Airmap, a Dronecode Project member, has just released a very thoughtful and detailed White Paper on a proposed scalable registration system for drones. From the paper:
A robust and scalable registration system considers the right technologies for its organization, registration information, queries, and security as the UAS ecosystem expands. This paper argues that careful selection of current Internet technologies and protocols can help enable the creation of a registration system that serves present needs but will also evolve as technology advance
Comments
This is to secure the airspace for Big Drone. There is zero benefit for the consumer.
The solution that ENAC want for the identification of UAV in Italy
UAS != Internet
Assuming it will be possible to ensure communication between drones and internet (big brother) in flight, is optimistic at best.

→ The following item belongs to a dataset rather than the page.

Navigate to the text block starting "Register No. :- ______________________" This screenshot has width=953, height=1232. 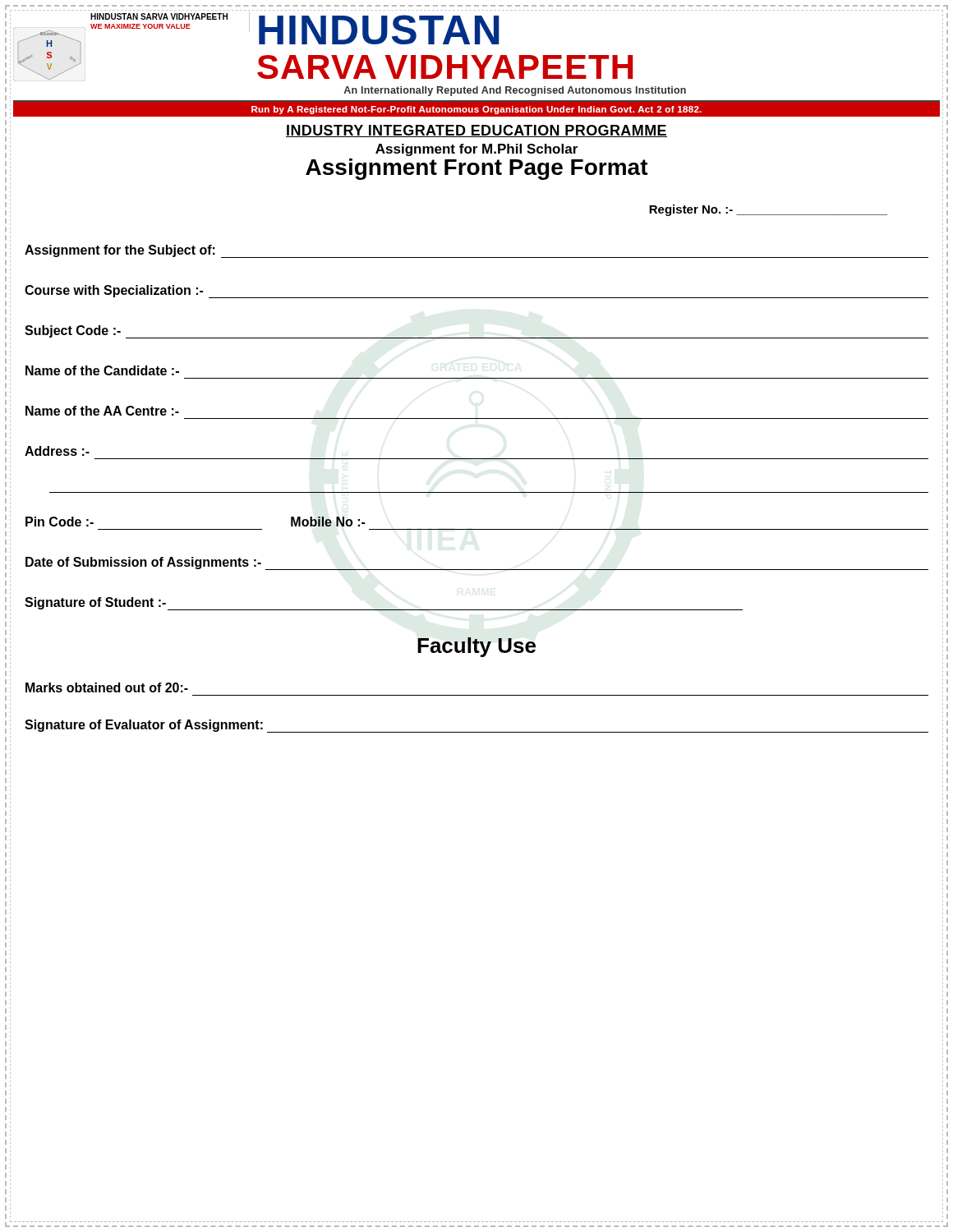pos(768,209)
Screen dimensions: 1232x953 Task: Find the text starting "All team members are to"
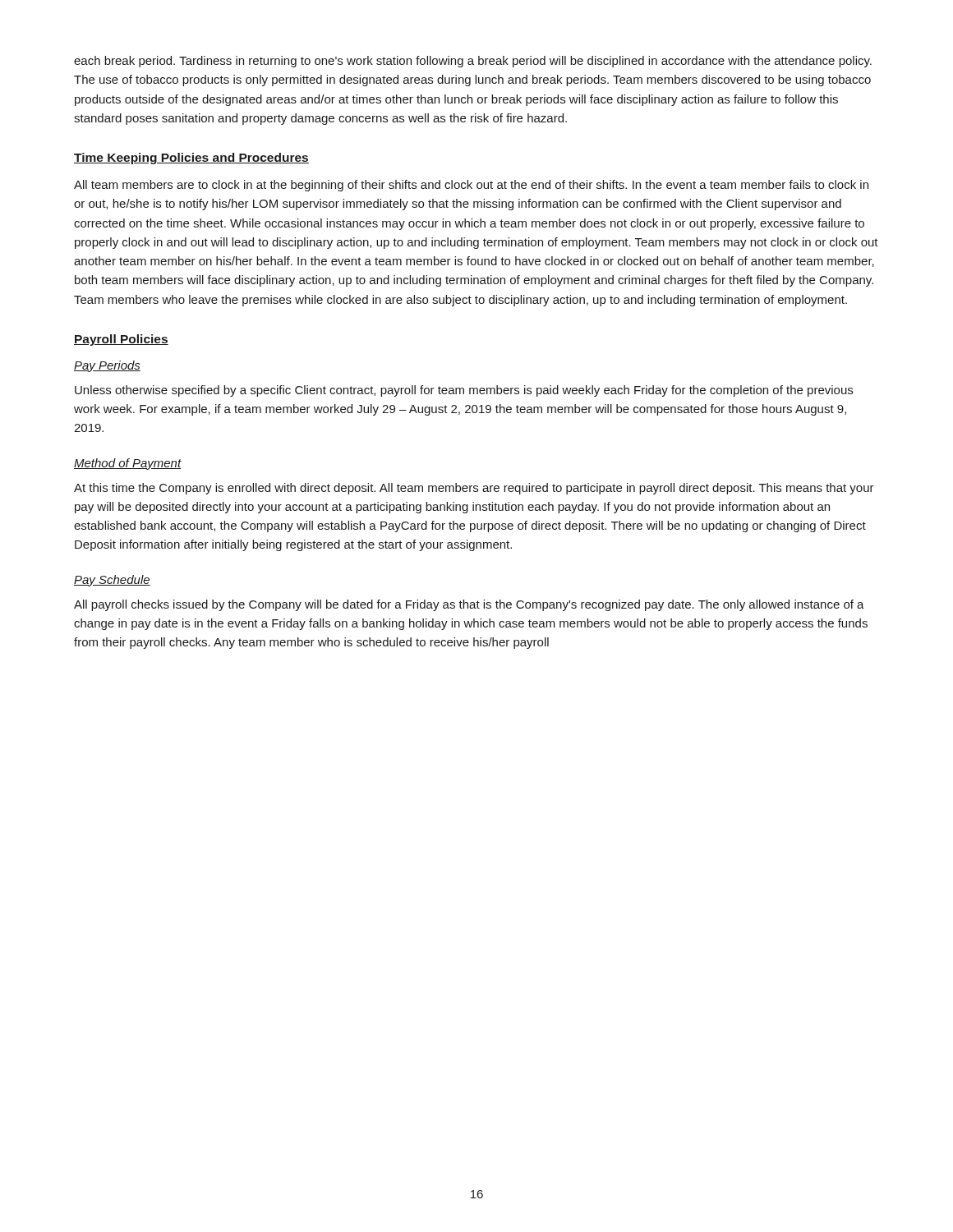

Dear god this is getting a bit 1984 isn't it? This paper starts off by positioning itself as a technology focused paper but quickly moves into a global orwellian utopia. It (hopefully) misinterprets the aim of the FAA registration system to be a total lockdown surveillance of the airspace and then rapidly maps the entire airspace onto the internet DNS system and infers itself as the central registrar. Oh wait a second, who's an author of this paper, the chairman of ICANN? The most self-serving, controlling, 'global we rule the world oh wait we don't have jurisdiction of the world' organisation to have ever existed? Next, please.
ADS-B is a far more sensible approach to these kinds of issues. Safety focused, inherently centralised or meshed positional network to allow safe, dense use of the airspace, less about selfish commercial interests.
Network topology drawings are a dime a dozen. A better topology is one that doesn't require one. Autonomous aircraft know how to operate safely in their environment as well as in collectives(think flying organic systems as a model: bees, birds, bats, etc....) The level of infrastructure used in the above drawing is overkill. Imagine every morning that you woke up(i.e. an autonomous human), you had to ping a server to see if you were authorized to open your front door. Welcome to the movie plot from Brazil. Maybe the ability to fire a bullet from a gun should be authenticated against a server before firing. I think that is a much more applicable/life saving system. :)
Will the FAA take the attitude of "not invented here"?